# SLOWLY PUTTING THE R33 BACK TOGETHER



## xxl225 (Oct 31, 2005)

With working and testing alot lately i haven't really had time for my cars but with a few late night... things with the 33 are slowly coming together 


ENGINE IN








ENGINE OUT








QUE 30,000 MILE R34 ENGINE









SEEING AS THE ENGINES OUT I WANTED TO PUT A NEW WATER PUMP AND N1 OIL PUMP AND PICK UP PIPE JUST FOR REASSURANCE









OUT WITH THE OLD 









IN WITH THE NEW:clap: 









SOME HKS PULLEYS WOULDN'T GO A MISS EITHER









NEW CAMBELT AND TECHINER AND IDLER PULLEYS TOO









SUMP AND DIFF CLEANED,DIFF CHECKED TOO









SET OF HKS ACTURATORS TO HELP THE R34 TURBOS EVEN BETTER SPOOL









SECOND HAND NISMO TWIN PLATE CLUTCH WITH NEW PLATES WAS A MUST

















ALRIGHT BIG PUSH 









AND SHES IN:clap: 









NUR PAINTED CAM COVERS AND FULL GREDDY HARDPIPE KIT LATER









NOW FOR THE BRAKES
SECOND HAND F50 BREMBOS AND 355 DISC WILL DO NICELY









ALSO THE ALSO A SET OF LOW MILEAGE OHLINS REPLACED THE HKS HYPERS









MORE PICS TO FOLLOW OVER THE WEEKEND:wavey:


----------



## matty32 (Dec 18, 2005)

sweeeeeeeeeeet!


----------



## Bandit (Jul 2, 2004)

Looking good mate. Won't be long now.  

Where did you get your F50 Brembos from and how much?


----------



## Spooled1.8 (Apr 26, 2007)

Top quality parts :thumbsup: Love the choice in suspension, keep us updated!


----------



## nismo1118 (Dec 7, 2005)

Project looks great, can't wait for more pics


----------



## usagtrpilot (Aug 19, 2005)

Nice mods. Well done. :thumbsup:


----------



## kismetcapitan (Nov 25, 2005)

excellent stuff! although I'd personally get rid of the recirc piping - just too much extra junk in that area...


----------



## Ian C (Jun 3, 2003)

excellent work thus far!
where did you find the f50 setup?

i trust you know which parts you need to swap over to get it running?
coilpacks & loom
rewire the CAS in reverse order
front diff (althjough it looks like you carried over the r33 diff & sump Assy)

Cheers, Ian


----------



## sparks (May 10, 2005)

Awesome stuff!!


----------



## bkvj (Feb 13, 2006)

awesome stuff:smokin:.

love your R33, thats about how they look perfect!


----------



## xxl225 (Oct 31, 2005)

thanks guys 

car has been running for over a month.. sump and diff is the original one off this car.

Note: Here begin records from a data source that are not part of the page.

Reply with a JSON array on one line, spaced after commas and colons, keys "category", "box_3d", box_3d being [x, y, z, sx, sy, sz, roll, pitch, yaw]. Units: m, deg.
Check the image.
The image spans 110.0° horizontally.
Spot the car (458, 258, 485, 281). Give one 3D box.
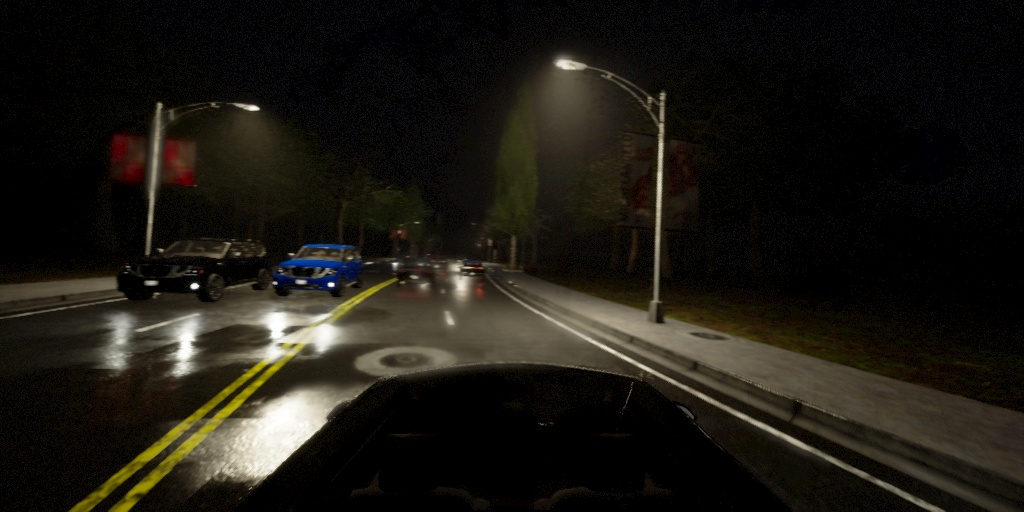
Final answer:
[{"category": "car", "box_3d": [-3.052, 1.005, 27.157, 2.128, 1.511, 4.902, 3, 0, -8]}]

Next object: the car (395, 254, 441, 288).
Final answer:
[{"category": "car", "box_3d": [-5.267, 0.895, 20.368, 1.882, 1.535, 5.008, 3, 0, -10]}]

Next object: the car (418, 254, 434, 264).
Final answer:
[{"category": "car", "box_3d": [-13.553, 0.502, 56.781, 1.994, 1.385, 4.181, 3, 0, -7]}]

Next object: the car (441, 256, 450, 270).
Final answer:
[{"category": "car", "box_3d": [-7.866, 0.739, 39.085, 2.128, 1.511, 4.902, 3, 0, -7]}]

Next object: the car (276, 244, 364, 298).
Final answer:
[{"category": "car", "box_3d": [-7.828, 0.514, 15.145, 2.150, 2.045, 5.566, 3, 0, -11]}]

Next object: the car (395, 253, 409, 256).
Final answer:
[{"category": "car", "box_3d": [-16.560, 0.291, 54.692, 1.837, 1.490, 4.892, 3, 0, -7]}]

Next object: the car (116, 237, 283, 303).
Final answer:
[{"category": "car", "box_3d": [-10.621, 0.366, 12.703, 2.150, 2.045, 5.566, 3, 0, -12]}]
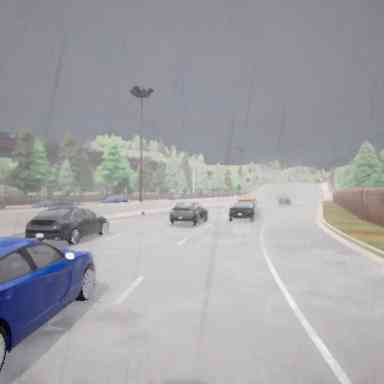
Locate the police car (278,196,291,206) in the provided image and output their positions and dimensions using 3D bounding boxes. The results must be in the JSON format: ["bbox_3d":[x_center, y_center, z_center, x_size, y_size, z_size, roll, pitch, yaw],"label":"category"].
[{"bbox_3d":[15.885,1.425,56.877,1.930,1.638,5.238,1,0,21],"label":"police car"}]

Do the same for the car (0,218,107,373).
[{"bbox_3d":[-3.112,1.438,5.226,1.882,1.535,5.008,0,0,3],"label":"car"}]

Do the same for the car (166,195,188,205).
[{"bbox_3d":[-2.524,1.316,57.838,1.882,1.535,5.008,1,0,21],"label":"car"}]

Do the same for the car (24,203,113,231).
[{"bbox_3d":[-5.455,1.421,15.179,1.837,1.490,4.892,0,0,9],"label":"car"}]

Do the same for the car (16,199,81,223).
[{"bbox_3d":[-10.646,1.351,25.140,1.837,1.490,4.892,0,0,15],"label":"car"}]

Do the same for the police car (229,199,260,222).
[{"bbox_3d":[4.252,1.399,26.386,1.930,1.638,5.238,0,0,19],"label":"police car"}]

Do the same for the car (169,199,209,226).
[{"bbox_3d":[-0.115,1.434,23.204,2.128,1.511,4.902,0,0,15],"label":"car"}]

f50 set up came from a friend in japan haven't seen many in the uk

just need to wire up the fog for the mot:wavey: 

pics more pics to follow over the week end


----------



## bkvj (Feb 13, 2006)

arent you in zandvoort right now for A1?

i have a VIP ticket but couldnt get a flight in time (all flights costed me £200+)...pissed of!


----------



## WIT BLITZ (Apr 1, 2007)

Clean looking car! progress always makes you feel better!


----------



## xxl225 (Oct 31, 2005)

not driving maybe until the asia rounds this year,to many politice in the team at the moment.. i wanted to drive as i was 7th in the rookie session last year but hey that's racing 

i'm leaving for japan in oct with oil jarvis to put together a deal in f3 or nippon


----------



## bkvj (Feb 13, 2006)

mmm formula nippon. :smokin:

always wanted to be a pro racing driver...but i kinda got to tall to fit in any sort of formula car

looks like i can only do it as a privateer, just track days.


----------



## alex2005 (Jun 14, 2007)

xxl225 said:


> With working and testing alot lately i haven't really had time for my cars but with a few late night... things with the 33 are slowly coming together
> 
> 
> ENGINE IN
> ...


What do the Ohlins ride like? iv got the same ones on my R32 they are brand new but even on the softest setting they are sliff as a plank!!


----------



## xxl225 (Oct 31, 2005)

there ok on this better then the hks hypers 

you need to lower your spring rates,if there from japan the spring rates will high 9+

there's a thread some where on hear with tried and tested rates

i think 6kg front and 5kg rear for the r32


----------



## fourtoes (Feb 27, 2003)

Im live near bath and work in bristol must meet up when i get my R32 back on the road and have a cuppa and a chat!

bob


----------



## xxl225 (Oct 31, 2005)

must do mate i'll bring my r32 if the turbo comes in time:thumbsup:


----------



## alex2005 (Jun 14, 2007)

xxl225 said:


> there ok on this better then the hks hypers
> 
> you need to lower your spring rates,if there from japan the spring rates will high 9+
> 
> ...


cheers mate ill look in to that, i like a stiff ride but our roads are total shite!!lol


----------



## fourtoes (Feb 27, 2003)

Wicked i'll give you a shout buddy in a month or so when shes all back together! (hopefully)

Bobby


----------



## bazooqa (Jan 22, 2006)

Nice work!
Keep up....


----------



## Hi5 (Aug 31, 2005)

a friend of mine has the F50 brakes front and rear, they are awesome!


----------



## xxl225 (Oct 31, 2005)

*update*

sorry about the delay and about the darkness of some of the pics it now hard to get from work before it gets dark


----------



## G18RST (Dec 23, 2006)

Them gold rims are bad ass !


----------



## H&H Performance (Oct 11, 2007)

Looks beautiful, nice job!


----------



## Hi5 (Aug 31, 2005)

blitz technospeed


----------



## blue32 (Jan 3, 2007)

Looks Awesome in white, bet its a pain to keep her clean tho.


----------



## xxl225 (Oct 31, 2005)

its been sitting on the technospeeds while the engine was out but the t37 are the wheels that came with it also on the 18s the ride is so much better

sorry about pics i'll get some better today in the light


----------



## m92fs (May 10, 2007)

Nice colour on the cam covers.


----------



## gtrsmiles (Mar 10, 2008)

Yeah love the rims, great thread! Good parts choices!


----------